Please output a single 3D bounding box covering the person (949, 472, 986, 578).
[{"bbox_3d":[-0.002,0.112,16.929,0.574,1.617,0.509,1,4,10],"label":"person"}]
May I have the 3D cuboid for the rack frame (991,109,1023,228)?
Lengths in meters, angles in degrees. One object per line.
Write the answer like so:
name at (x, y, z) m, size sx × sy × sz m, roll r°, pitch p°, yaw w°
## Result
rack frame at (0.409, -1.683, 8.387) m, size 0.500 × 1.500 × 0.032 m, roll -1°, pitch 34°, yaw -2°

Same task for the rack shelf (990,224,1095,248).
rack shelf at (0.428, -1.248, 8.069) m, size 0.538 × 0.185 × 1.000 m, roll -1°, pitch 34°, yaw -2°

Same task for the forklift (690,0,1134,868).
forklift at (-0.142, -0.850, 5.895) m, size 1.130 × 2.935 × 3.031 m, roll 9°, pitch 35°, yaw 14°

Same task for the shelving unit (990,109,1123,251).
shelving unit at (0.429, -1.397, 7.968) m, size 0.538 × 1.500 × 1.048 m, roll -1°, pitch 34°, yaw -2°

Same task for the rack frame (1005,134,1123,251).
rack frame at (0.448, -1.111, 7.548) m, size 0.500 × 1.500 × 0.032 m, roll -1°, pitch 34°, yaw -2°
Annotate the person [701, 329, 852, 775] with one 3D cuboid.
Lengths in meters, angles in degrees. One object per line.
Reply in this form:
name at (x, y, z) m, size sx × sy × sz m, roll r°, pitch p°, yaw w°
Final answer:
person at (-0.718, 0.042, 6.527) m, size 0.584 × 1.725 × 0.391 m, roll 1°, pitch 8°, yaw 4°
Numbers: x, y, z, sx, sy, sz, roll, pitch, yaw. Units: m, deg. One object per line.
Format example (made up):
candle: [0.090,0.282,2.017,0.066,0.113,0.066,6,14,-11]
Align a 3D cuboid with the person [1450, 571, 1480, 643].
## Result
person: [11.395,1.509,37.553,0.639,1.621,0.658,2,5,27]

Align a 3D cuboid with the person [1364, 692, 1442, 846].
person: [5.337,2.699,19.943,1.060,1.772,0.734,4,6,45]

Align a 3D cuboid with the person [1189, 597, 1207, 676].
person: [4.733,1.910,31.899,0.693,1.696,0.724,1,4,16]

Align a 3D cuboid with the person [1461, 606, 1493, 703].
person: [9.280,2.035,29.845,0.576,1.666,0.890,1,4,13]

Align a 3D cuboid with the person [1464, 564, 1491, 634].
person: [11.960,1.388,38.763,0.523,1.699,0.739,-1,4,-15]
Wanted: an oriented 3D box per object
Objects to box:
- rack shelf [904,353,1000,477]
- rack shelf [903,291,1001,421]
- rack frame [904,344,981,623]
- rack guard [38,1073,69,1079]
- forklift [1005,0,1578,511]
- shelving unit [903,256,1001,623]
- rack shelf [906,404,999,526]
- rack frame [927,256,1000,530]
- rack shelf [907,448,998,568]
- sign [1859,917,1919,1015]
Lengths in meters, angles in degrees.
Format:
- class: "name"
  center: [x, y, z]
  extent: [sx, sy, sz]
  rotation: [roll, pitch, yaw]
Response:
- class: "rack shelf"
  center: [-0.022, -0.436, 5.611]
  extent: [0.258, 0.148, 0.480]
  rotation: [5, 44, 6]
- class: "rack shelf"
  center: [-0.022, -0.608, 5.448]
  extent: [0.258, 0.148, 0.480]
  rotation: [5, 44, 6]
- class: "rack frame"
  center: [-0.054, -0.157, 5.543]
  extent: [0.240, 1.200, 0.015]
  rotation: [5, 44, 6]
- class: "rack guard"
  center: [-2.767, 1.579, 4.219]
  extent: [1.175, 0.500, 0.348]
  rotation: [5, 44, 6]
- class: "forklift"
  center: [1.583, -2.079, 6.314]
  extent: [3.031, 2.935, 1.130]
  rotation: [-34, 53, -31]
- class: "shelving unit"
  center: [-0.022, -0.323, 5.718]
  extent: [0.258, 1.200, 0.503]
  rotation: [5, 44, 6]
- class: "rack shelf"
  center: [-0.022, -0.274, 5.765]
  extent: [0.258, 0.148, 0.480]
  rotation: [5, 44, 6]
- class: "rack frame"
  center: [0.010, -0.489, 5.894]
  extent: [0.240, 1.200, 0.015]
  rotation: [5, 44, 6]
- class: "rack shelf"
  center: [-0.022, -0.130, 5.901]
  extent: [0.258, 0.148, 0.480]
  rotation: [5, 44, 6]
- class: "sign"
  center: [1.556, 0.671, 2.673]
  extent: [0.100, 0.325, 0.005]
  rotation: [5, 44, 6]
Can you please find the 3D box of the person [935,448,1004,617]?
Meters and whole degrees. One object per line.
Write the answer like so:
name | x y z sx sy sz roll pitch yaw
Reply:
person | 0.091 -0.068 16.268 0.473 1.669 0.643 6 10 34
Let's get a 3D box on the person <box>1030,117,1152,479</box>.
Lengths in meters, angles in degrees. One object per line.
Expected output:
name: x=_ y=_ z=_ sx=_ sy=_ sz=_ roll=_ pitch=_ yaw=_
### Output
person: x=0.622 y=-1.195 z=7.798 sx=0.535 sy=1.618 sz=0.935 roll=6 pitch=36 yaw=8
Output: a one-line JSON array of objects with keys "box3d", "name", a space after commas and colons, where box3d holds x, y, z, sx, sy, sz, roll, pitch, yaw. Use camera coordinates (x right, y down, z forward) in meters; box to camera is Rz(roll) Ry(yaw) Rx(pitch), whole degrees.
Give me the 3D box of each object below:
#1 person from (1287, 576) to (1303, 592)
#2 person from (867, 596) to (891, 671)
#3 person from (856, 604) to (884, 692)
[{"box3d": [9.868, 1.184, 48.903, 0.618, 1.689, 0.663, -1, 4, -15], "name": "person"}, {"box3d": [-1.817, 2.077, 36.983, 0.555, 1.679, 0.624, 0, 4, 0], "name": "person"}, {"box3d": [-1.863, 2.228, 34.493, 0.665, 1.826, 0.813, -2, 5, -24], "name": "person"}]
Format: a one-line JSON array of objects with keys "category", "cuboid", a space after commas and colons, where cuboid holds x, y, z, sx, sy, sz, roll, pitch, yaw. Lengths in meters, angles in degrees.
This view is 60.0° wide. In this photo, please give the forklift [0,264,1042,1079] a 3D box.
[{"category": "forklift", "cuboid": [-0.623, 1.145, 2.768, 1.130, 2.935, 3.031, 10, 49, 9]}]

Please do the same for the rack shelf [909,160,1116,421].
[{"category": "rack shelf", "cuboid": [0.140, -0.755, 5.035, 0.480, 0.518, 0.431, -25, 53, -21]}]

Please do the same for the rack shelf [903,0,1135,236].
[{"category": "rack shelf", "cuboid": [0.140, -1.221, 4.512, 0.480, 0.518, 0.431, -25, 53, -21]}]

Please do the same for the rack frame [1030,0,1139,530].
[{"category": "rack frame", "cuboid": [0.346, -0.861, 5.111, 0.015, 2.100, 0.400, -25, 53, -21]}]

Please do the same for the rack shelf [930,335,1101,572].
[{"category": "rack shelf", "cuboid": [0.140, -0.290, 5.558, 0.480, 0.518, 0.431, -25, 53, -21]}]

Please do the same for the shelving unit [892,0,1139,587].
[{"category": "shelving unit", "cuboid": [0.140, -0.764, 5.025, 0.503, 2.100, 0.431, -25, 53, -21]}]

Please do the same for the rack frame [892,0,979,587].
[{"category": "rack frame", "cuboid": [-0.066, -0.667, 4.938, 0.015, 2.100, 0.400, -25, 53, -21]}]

━━━━━━━━━━━━━━━━━━━━━━━━━━━━━━

Work request: Reproduce the entries above in full, exactly as they read.

Exercise output:
Please output a single 3D bounding box covering the person (949, 472, 986, 578).
[{"bbox_3d":[-0.002,0.112,16.929,0.574,1.617,0.509,1,4,10],"label":"person"}]
May I have the 3D cuboid for the rack frame (991,109,1023,228)?
Lengths in meters, angles in degrees. One object per line.
Write the answer like so:
name at (x, y, z) m, size sx × sy × sz m, roll r°, pitch p°, yaw w°
## Result
rack frame at (0.409, -1.683, 8.387) m, size 0.500 × 1.500 × 0.032 m, roll -1°, pitch 34°, yaw -2°

Same task for the rack shelf (990,224,1095,248).
rack shelf at (0.428, -1.248, 8.069) m, size 0.538 × 0.185 × 1.000 m, roll -1°, pitch 34°, yaw -2°

Same task for the forklift (690,0,1134,868).
forklift at (-0.142, -0.850, 5.895) m, size 1.130 × 2.935 × 3.031 m, roll 9°, pitch 35°, yaw 14°

Same task for the shelving unit (990,109,1123,251).
shelving unit at (0.429, -1.397, 7.968) m, size 0.538 × 1.500 × 1.048 m, roll -1°, pitch 34°, yaw -2°

Same task for the rack frame (1005,134,1123,251).
rack frame at (0.448, -1.111, 7.548) m, size 0.500 × 1.500 × 0.032 m, roll -1°, pitch 34°, yaw -2°
Annotate the person [701, 329, 852, 775] with one 3D cuboid.
Lengths in meters, angles in degrees. One object per line.
Reply in this form:
name at (x, y, z) m, size sx × sy × sz m, roll r°, pitch p°, yaw w°
Final answer:
person at (-0.718, 0.042, 6.527) m, size 0.584 × 1.725 × 0.391 m, roll 1°, pitch 8°, yaw 4°
Numbers: x, y, z, sx, sy, sz, roll, pitch, yaw. Units: m, deg. One object per line.
Format example (made up):
candle: [0.090,0.282,2.017,0.066,0.113,0.066,6,14,-11]
Align a 3D cuboid with the person [1450, 571, 1480, 643].
## Result
person: [11.395,1.509,37.553,0.639,1.621,0.658,2,5,27]

Align a 3D cuboid with the person [1364, 692, 1442, 846].
person: [5.337,2.699,19.943,1.060,1.772,0.734,4,6,45]

Align a 3D cuboid with the person [1189, 597, 1207, 676].
person: [4.733,1.910,31.899,0.693,1.696,0.724,1,4,16]

Align a 3D cuboid with the person [1461, 606, 1493, 703].
person: [9.280,2.035,29.845,0.576,1.666,0.890,1,4,13]

Align a 3D cuboid with the person [1464, 564, 1491, 634].
person: [11.960,1.388,38.763,0.523,1.699,0.739,-1,4,-15]
Wanted: an oriented 3D box per object
Objects to box:
- rack shelf [904,353,1000,477]
- rack shelf [903,291,1001,421]
- rack frame [904,344,981,623]
- rack guard [38,1073,69,1079]
- forklift [1005,0,1578,511]
- shelving unit [903,256,1001,623]
- rack shelf [906,404,999,526]
- rack frame [927,256,1000,530]
- rack shelf [907,448,998,568]
- sign [1859,917,1919,1015]
Lengths in meters, angles in degrees.
Format:
- class: "name"
  center: [x, y, z]
  extent: [sx, sy, sz]
  rotation: [roll, pitch, yaw]
Response:
- class: "rack shelf"
  center: [-0.022, -0.436, 5.611]
  extent: [0.258, 0.148, 0.480]
  rotation: [5, 44, 6]
- class: "rack shelf"
  center: [-0.022, -0.608, 5.448]
  extent: [0.258, 0.148, 0.480]
  rotation: [5, 44, 6]
- class: "rack frame"
  center: [-0.054, -0.157, 5.543]
  extent: [0.240, 1.200, 0.015]
  rotation: [5, 44, 6]
- class: "rack guard"
  center: [-2.767, 1.579, 4.219]
  extent: [1.175, 0.500, 0.348]
  rotation: [5, 44, 6]
- class: "forklift"
  center: [1.583, -2.079, 6.314]
  extent: [3.031, 2.935, 1.130]
  rotation: [-34, 53, -31]
- class: "shelving unit"
  center: [-0.022, -0.323, 5.718]
  extent: [0.258, 1.200, 0.503]
  rotation: [5, 44, 6]
- class: "rack shelf"
  center: [-0.022, -0.274, 5.765]
  extent: [0.258, 0.148, 0.480]
  rotation: [5, 44, 6]
- class: "rack frame"
  center: [0.010, -0.489, 5.894]
  extent: [0.240, 1.200, 0.015]
  rotation: [5, 44, 6]
- class: "rack shelf"
  center: [-0.022, -0.130, 5.901]
  extent: [0.258, 0.148, 0.480]
  rotation: [5, 44, 6]
- class: "sign"
  center: [1.556, 0.671, 2.673]
  extent: [0.100, 0.325, 0.005]
  rotation: [5, 44, 6]
Can you please find the 3D box of the person [935,448,1004,617]?
Meters and whole degrees. One object per line.
Write the answer like so:
name | x y z sx sy sz roll pitch yaw
Reply:
person | 0.091 -0.068 16.268 0.473 1.669 0.643 6 10 34
Let's get a 3D box on the person <box>1030,117,1152,479</box>.
Lengths in meters, angles in degrees. One object per line.
Expected output:
name: x=_ y=_ z=_ sx=_ sy=_ sz=_ roll=_ pitch=_ yaw=_
### Output
person: x=0.622 y=-1.195 z=7.798 sx=0.535 sy=1.618 sz=0.935 roll=6 pitch=36 yaw=8
Output: a one-line JSON array of objects with keys "box3d", "name", a space after commas and colons, where box3d holds x, y, z, sx, sy, sz, roll, pitch, yaw. Use camera coordinates (x right, y down, z forward) in meters; box to camera is Rz(roll) Ry(yaw) Rx(pitch), whole degrees.
Give me the 3D box of each object below:
#1 person from (1287, 576) to (1303, 592)
#2 person from (867, 596) to (891, 671)
#3 person from (856, 604) to (884, 692)
[{"box3d": [9.868, 1.184, 48.903, 0.618, 1.689, 0.663, -1, 4, -15], "name": "person"}, {"box3d": [-1.817, 2.077, 36.983, 0.555, 1.679, 0.624, 0, 4, 0], "name": "person"}, {"box3d": [-1.863, 2.228, 34.493, 0.665, 1.826, 0.813, -2, 5, -24], "name": "person"}]
Format: a one-line JSON array of objects with keys "category", "cuboid", a space after commas and colons, where cuboid holds x, y, z, sx, sy, sz, roll, pitch, yaw. Lengths in meters, angles in degrees.
This view is 60.0° wide. In this photo, please give the forklift [0,264,1042,1079] a 3D box.
[{"category": "forklift", "cuboid": [-0.623, 1.145, 2.768, 1.130, 2.935, 3.031, 10, 49, 9]}]

Please do the same for the rack shelf [909,160,1116,421].
[{"category": "rack shelf", "cuboid": [0.140, -0.755, 5.035, 0.480, 0.518, 0.431, -25, 53, -21]}]

Please do the same for the rack shelf [903,0,1135,236].
[{"category": "rack shelf", "cuboid": [0.140, -1.221, 4.512, 0.480, 0.518, 0.431, -25, 53, -21]}]

Please do the same for the rack frame [1030,0,1139,530].
[{"category": "rack frame", "cuboid": [0.346, -0.861, 5.111, 0.015, 2.100, 0.400, -25, 53, -21]}]

Please do the same for the rack shelf [930,335,1101,572].
[{"category": "rack shelf", "cuboid": [0.140, -0.290, 5.558, 0.480, 0.518, 0.431, -25, 53, -21]}]

Please do the same for the shelving unit [892,0,1139,587].
[{"category": "shelving unit", "cuboid": [0.140, -0.764, 5.025, 0.503, 2.100, 0.431, -25, 53, -21]}]

Please do the same for the rack frame [892,0,979,587].
[{"category": "rack frame", "cuboid": [-0.066, -0.667, 4.938, 0.015, 2.100, 0.400, -25, 53, -21]}]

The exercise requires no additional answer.